- Cover of The Dragon, June 1978, illustrating "The Green Magician"
- Illustrator: Kossin
- Country: United States
- Language: English
- Genre: Fantasy

Publication
- Published in: Beyond Fiction
- Publisher: Galaxy Publishing Corporation
- Media type: Print (Magazine)
- Publication date: November, 1954

Chronology
- Series: Harold Shea
| The Wall of Serpents | Professor Harold and the Trustees |

= The Green Magician =

The Green Magician is a fantasy novella by American writers L. Sprague de Camp and Fletcher Pratt. The fifth story in their Harold Shea series, it was first published in the November 1954 issue of the fantasy pulp magazine Beyond Fiction. It first appeared in book form, together with "The Wall of Serpents", in the collection Wall of Serpents, issued in hardcover by Avalon Books in 1960; the book has been reissued by a number of other publishers since. It has also been reprinted in various magazines, anthologies and collections, including The Dragon (June–July 1978), The Complete Compleat Enchanter (1989), Masterpieces of Fantasy and Enchantment (1988), and The Mathematics of Magic: The Enchanter Stories of L. Sprague de Camp and Fletcher Pratt (2007). It has been translated into Italian and German.
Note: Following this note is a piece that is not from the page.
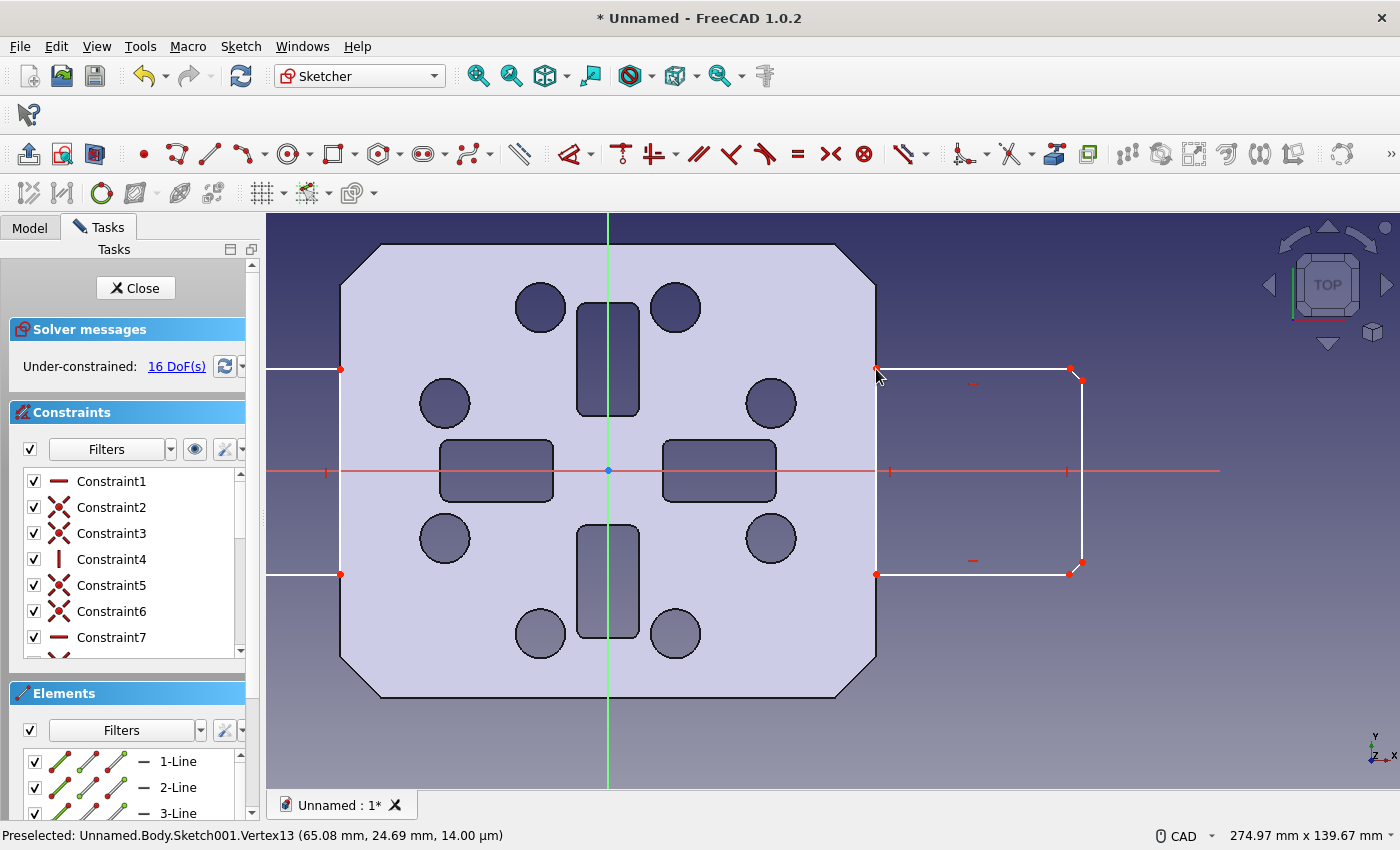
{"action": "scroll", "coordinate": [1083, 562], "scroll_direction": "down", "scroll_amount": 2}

The Harold Shea stories are parallel world tales in which universes where magic works coexist with our own, and in which those based on the mythologies, legends, and literary fantasies of our world and can be reached by aligning one's mind to them by a system of symbolic logic. In The Green Magician, Shea visits his sixth such world, that of Irish myth.

==Plot summary==
Harold Shea and his wife Belphebe of Faerie have been attempting to rescue Shea's colleague Walter Bayard and policeman Pete Brodsky from the world of Coleridge's Xanadu. With professional assistance from the wizards of the Kalevala they succeeded in retrieving their friends, only to have Bayard inadvertently transport them to the world of Irish myth. Only the Sheas and Brodsky arrive together, however; Bayard appears to have misplaced himself.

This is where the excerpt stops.